Return of the Tied House?
The Problems of Domination by Large Companies
Source: Public Action Management
By Pamela Erickson
December 15, 2015
Before Prohibition, the alcohol market was dominated by large national companies that owned or had exclusive business deals with retailers. The retailers were called “Tied Houses” because they only sold one company’s product. That lead to an increase in bars in local markets since each bar only sold one company’s products. The national alcohol companies pushed hard on the retailer to make as much money as possible through whatever means they could. Local markets were flooded with cheap alcohol and aggressive sales. The resulting alcohol problems were so severe that they led to the equally severe solution of Prohibition.
Those who designed our alcohol regulatory system were very focused on preventing the kind of market domination where the manufacturer and retailers are tied through ownership, financial arrangements or special system whereby each tier is separately licensed. Many states also require that each tier be independently owned. All of this is designed to prevent the domination of local markets.
A recent proposal to merge Anheuser-Busch InBev with SABMiller raises some of these concerns. This merger would combine the world’s two largest beer companies. While the merger will likely involve selling off some assets to appease anti-trust regulators, it still would create a company with greater economic power and influence. It is even hard to predict how such a powerful company could impact our communities. But here are some things to watch:
1. Domination of the distribution tier
You may be surprised to know that in 2014, Beer Business Daily listed Anheuser-Busch (AB) as the US’s largest beer distributor selling 135 million cases. Despite our three tier system, some states allow a manufacturer to own a distributor. AB has expressed an interest in owning a larger number of distributors and has recently purchased several in Colorado, California and Oregon.
In most states, distributors are independently owned but usually sell either AB or SABMiller products, but not both. Nevertheless, many have added local and regional craft beer to their product line. The reason is that craft products are experiencing increased sales, while pale lagers, such as Budweiser and Miller Lite, are lagging.
Craft beer companies and others have raised concerns about a new AB incentive program for distributors which could limit market access for small craft operators. According to an article in the Wall Street Journal, that program would provide “annual reimbursements of as much as $1.5 million if 98% of the beers they sell are AB brands.” That program would leave little room for any other company’s product.

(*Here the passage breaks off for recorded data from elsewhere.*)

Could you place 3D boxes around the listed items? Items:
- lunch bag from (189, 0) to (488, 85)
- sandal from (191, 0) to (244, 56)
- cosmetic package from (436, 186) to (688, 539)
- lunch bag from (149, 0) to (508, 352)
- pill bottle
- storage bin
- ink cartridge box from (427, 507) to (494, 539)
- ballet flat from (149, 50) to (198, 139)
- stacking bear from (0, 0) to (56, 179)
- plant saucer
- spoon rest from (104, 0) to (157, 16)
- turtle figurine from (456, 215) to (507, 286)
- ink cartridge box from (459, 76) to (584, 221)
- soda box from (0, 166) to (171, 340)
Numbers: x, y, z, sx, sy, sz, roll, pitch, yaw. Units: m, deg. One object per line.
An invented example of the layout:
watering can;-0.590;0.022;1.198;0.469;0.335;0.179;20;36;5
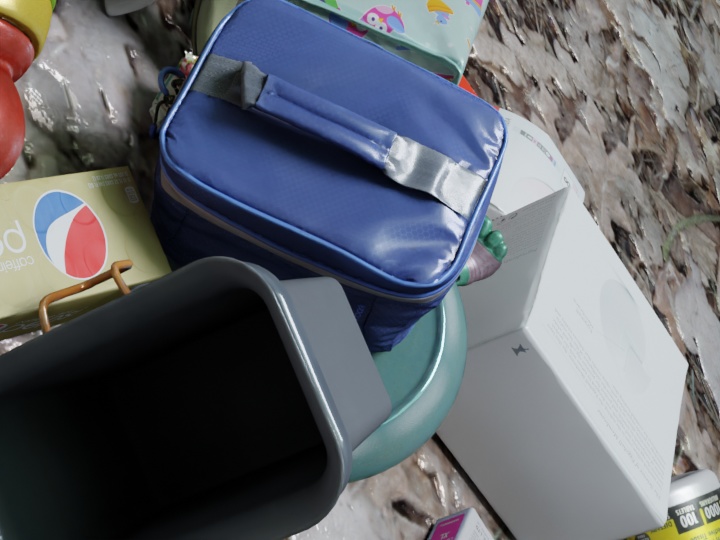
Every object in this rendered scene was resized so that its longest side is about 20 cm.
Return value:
lunch bag;-0.016;-0.188;0.999;0.199;0.122;0.171;22;42;-1
sandal;-0.063;-0.196;0.844;0.080;0.201;0.057;-23;53;-26
cosmetic package;0.150;0.081;1.061;0.200;0.123;0.200;54;32;-18
lunch bag;-0.025;-0.060;0.759;0.199;0.132;0.136;25;64;-2
pill bottle;0.276;0.276;1.122;0.112;0.112;0.201;-4;72;-57
storage bin;-0.089;0.066;0.666;0.146;0.199;0.134;66;20;3
ink cartridge box;0.064;0.264;0.886;0.120;0.042;0.200;57;30;-13
ballet flat;-0.039;-0.100;0.890;0.199;0.064;0.076;6;26;-28
stacking bear;-0.213;-0.137;0.696;0.113;0.121;0.201;13;67;-44
plant saucer;-0.028;0.028;0.809;0.199;0.027;0.201;5;67;-11
spoon rest;-0.136;-0.211;0.791;0.200;0.060;0.100;105;-21;-78
turtle figurine;0.000;0.000;0.917;0.200;0.101;0.150;-26;72;-41
ink cartridge box;0.127;-0.098;1.224;0.200;0.057;0.163;57;32;-22
soda box;-0.188;-0.001;0.672;0.200;0.064;0.068;-17;83;-59
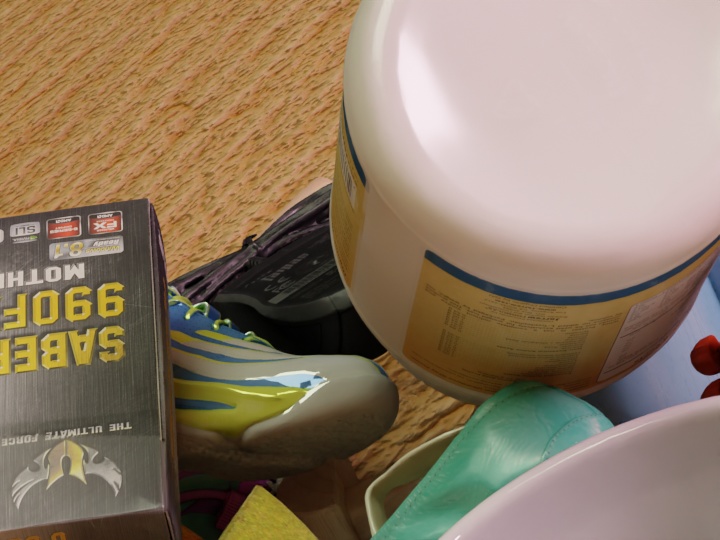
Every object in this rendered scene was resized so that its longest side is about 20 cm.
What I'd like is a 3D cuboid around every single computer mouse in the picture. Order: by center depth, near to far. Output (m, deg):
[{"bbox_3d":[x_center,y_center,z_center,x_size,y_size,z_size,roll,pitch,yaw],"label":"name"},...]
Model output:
[{"bbox_3d":[0.000,0.000,1.152,0.140,0.046,0.200,-34,15,-25],"label":"computer mouse"}]

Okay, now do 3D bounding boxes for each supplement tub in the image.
[{"bbox_3d":[0.062,-0.035,0.953,0.144,0.145,0.200,-34,-13,-13],"label":"supplement tub"}]

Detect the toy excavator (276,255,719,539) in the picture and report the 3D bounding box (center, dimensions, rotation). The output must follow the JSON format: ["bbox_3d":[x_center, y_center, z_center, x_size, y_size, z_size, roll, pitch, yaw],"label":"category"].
[{"bbox_3d":[0.079,0.041,1.089,0.194,0.100,0.200,-12,24,30],"label":"toy excavator"}]

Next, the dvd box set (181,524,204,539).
[{"bbox_3d":[-0.149,0.119,0.988,0.200,0.029,0.146,31,52,32],"label":"dvd box set"}]

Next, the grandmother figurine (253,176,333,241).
[{"bbox_3d":[-0.066,0.025,1.343,0.200,0.061,0.121,-39,18,-27],"label":"grandmother figurine"}]

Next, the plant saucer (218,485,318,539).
[{"bbox_3d":[-0.035,0.188,0.821,0.048,0.201,0.200,6,11,7],"label":"plant saucer"}]

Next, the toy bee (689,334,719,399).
[{"bbox_3d":[0.167,0.026,0.960,0.108,0.200,0.131,-18,46,16],"label":"toy bee"}]

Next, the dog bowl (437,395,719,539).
[{"bbox_3d":[0.103,0.125,0.816,0.199,0.079,0.200,-22,23,10],"label":"dog bowl"}]

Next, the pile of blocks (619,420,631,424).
[{"bbox_3d":[0.138,0.097,0.970,0.199,0.062,0.082,12,16,31],"label":"pile of blocks"}]

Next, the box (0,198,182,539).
[{"bbox_3d":[-0.168,0.056,0.990,0.199,0.048,0.159,-8,45,1],"label":"box"}]

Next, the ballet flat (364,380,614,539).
[{"bbox_3d":[0.012,0.115,0.950,0.200,0.067,0.070,-44,46,10],"label":"ballet flat"}]

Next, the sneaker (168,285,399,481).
[{"bbox_3d":[-0.079,0.033,1.071,0.199,0.076,0.105,-11,71,25],"label":"sneaker"}]

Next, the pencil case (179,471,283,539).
[{"bbox_3d":[-0.051,0.076,1.193,0.092,0.085,0.200,-38,19,28],"label":"pencil case"}]
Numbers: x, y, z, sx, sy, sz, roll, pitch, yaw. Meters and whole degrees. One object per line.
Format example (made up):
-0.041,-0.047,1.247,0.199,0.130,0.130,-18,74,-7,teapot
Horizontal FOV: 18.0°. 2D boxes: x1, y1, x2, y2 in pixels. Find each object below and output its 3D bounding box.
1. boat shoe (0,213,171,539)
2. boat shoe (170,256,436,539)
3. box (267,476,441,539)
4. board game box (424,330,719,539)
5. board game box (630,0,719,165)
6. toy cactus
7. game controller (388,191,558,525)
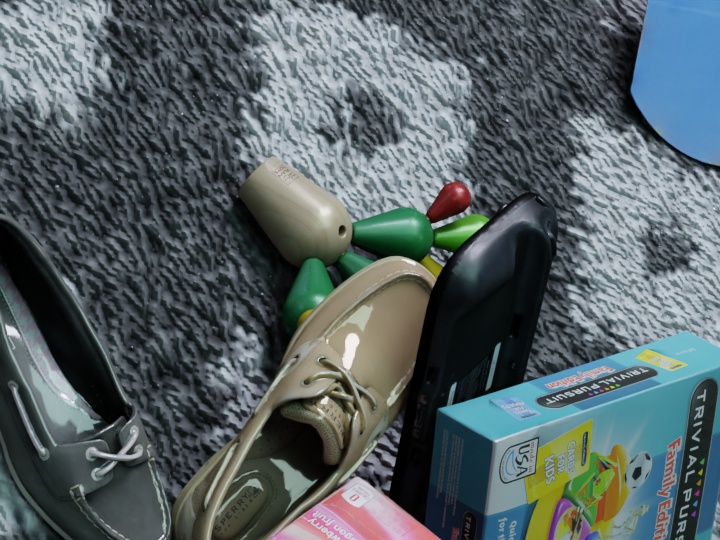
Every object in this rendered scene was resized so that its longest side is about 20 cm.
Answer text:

2. Use of a large company’s economic power to offer incentives and price reductions to squeeze out the competition.
A large company can offer products to a retailer at much lower prices than competitors due to their volume. In addition, many large alcohol companies offer a portfolio of different brands, not just their company branded products. This includes craft products acquired through mergers and craft-like products produced by the company. This scenario could produce a “Virtual Tied House.” If the retailer buys the whole portfolio, they can meet the taste preferences of a variety of customers, they will likely get favorable pricing and will only have to deal with one company. After all, there is a limit to tap handles and shelf space and the full portfolio of a large beer company could simply monopolize it. This would reduce the ability of local craft companies to get products in stores, bars and restaurants.
If one company is successful in tying distributors and retailers in these ways, other companies will do the same. Then we could have a scenario similar to the historical Tied House system where hyper competitive markets flooded communities with cheap alcohol. To get good prices, retailers had to buy more product than they could sell causing them to dump cheap alcohol onto the market or use drastically reduced prices to juice up sales.
This scenario would not bode well for our local communities because greater alcohol sales invariably mean increased social problems. It also would not bode well for our local craft brewers who would have trouble getting their products to market. Enforcement of our alcohol regulations-particularly those involving fair trade practices-can help prevent the problems of local market domination. They focus on fairness and provide a more level playing field for all businesses, large or small.